Gertrude Himmelfarb 1922-2019

I have for a long time been an admirer of the American historian Gertrude Himmelfarb, who died on December 30, 2019 at the age of 97.

A tribute by David Brooks is found in the Atlantic Magazine here.

“Himmelfarb was a great historian, and reported fairly on all sides, but it was always clear which side her heart was on. She grew up working-class and preferred the prosaic bourgeois values that fueled her family’s rise: work, thrift, temperance, self-discipline, cleanliness, moderation, respect for tradition. These are not aristocratic virtues, such as honor, genius, and heroism, but they are sensible virtues available to everyone.
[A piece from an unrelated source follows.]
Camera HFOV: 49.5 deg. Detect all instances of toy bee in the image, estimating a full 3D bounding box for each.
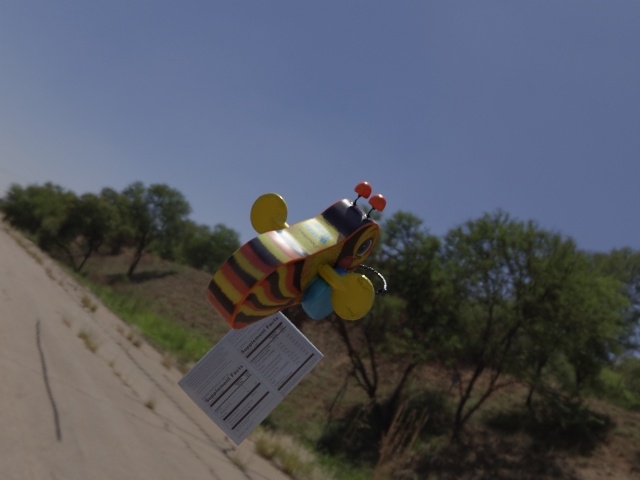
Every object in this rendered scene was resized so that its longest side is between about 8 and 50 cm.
[{"bbox_3d":[0.000,0.000,0.844,0.195,0.162,0.298,32,28,9],"label":"toy bee"}]

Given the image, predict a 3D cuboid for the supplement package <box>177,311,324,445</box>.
[{"bbox_3d":[-0.122,0.239,1.253,0.145,0.204,0.262,44,-12,7],"label":"supplement package"}]

In its original definition, a neoconservative was a leftist who broke with the left when, in the 1960s, its leaders rejected bourgeois values for the counterculture. By this definition, she was a neoconservative.

“Himmelfarb shared the Victorian awareness of sin. She detested the snobbery of cultural elites and narcissism in all its forms. She quoted George Eliot with approval: “We are all of us born in moral stupidity, taking the world as an udder to feed our supreme selves.”
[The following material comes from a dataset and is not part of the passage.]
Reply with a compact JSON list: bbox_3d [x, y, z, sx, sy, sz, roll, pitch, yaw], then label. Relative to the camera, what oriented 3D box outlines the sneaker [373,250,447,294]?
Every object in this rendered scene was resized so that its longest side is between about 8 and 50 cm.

From the eulogy in the New York Times-

“In more than a dozen books and many articles and essays, Ms. Himmelfarb melded scholarship of Victorian Britain with barbed reflection on contemporary affairs. Her subjects ranged from the pitfalls of modern approaches to history and philosophy to the moral relativism she perceived, with dismay, in the public’s attitude about the conduct of President Bill Clinton — his lying about a sexual affair — that led to his impeachment in the 1990s.

“Her cause was to imbue today’s social policies with a Victorian moral sense. Conservative politicians cheered. Newt Gingrich, the Republican speaker of the House, cited her in his book “To Renew America” (1995), writing that the time had “come to re-establish shame as a means of enforcing proper behavior.”